▶ [What the task requires]
Your reply should be an exact copy of every entry, with the pictures removed.

Data START

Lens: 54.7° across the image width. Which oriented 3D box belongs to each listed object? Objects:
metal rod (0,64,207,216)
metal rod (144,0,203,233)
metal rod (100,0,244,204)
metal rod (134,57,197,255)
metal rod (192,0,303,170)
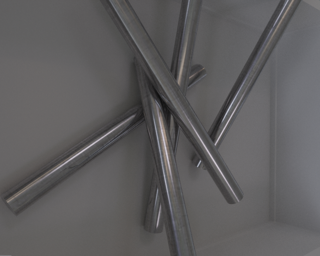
[{"bbox_3d":[-0.042,-0.005,0.371,0.302,0.025,0.025,-38,114,-33],"label":"metal rod"},{"bbox_3d":[0.016,-0.016,0.390,0.025,0.025,0.298,6,95,-40],"label":"metal rod"},{"bbox_3d":[0.022,-0.026,0.362,0.025,0.025,0.299,-45,113,-31],"label":"metal rod"},{"bbox_3d":[0.007,0.047,0.335,0.025,0.025,0.299,8,61,-40],"label":"metal rod"},{"bbox_3d":[0.124,-0.075,0.426,0.025,0.025,0.298,17,106,-39],"label":"metal rod"}]

Data END

▶ [Task output]
Lens: 54.7° across the image width. Which oriented 3D box belongs to each listed object? Objects:
metal rod (0,64,207,216)
metal rod (144,0,203,233)
metal rod (100,0,244,204)
metal rod (134,57,197,255)
metal rod (192,0,303,170)
[{"bbox_3d":[-0.042,-0.005,0.371,0.302,0.025,0.025,-38,114,-33],"label":"metal rod"},{"bbox_3d":[0.016,-0.016,0.390,0.025,0.025,0.298,6,95,-40],"label":"metal rod"},{"bbox_3d":[0.022,-0.026,0.362,0.025,0.025,0.299,-45,113,-31],"label":"metal rod"},{"bbox_3d":[0.007,0.047,0.335,0.025,0.025,0.299,8,61,-40],"label":"metal rod"},{"bbox_3d":[0.124,-0.075,0.426,0.025,0.025,0.298,17,106,-39],"label":"metal rod"}]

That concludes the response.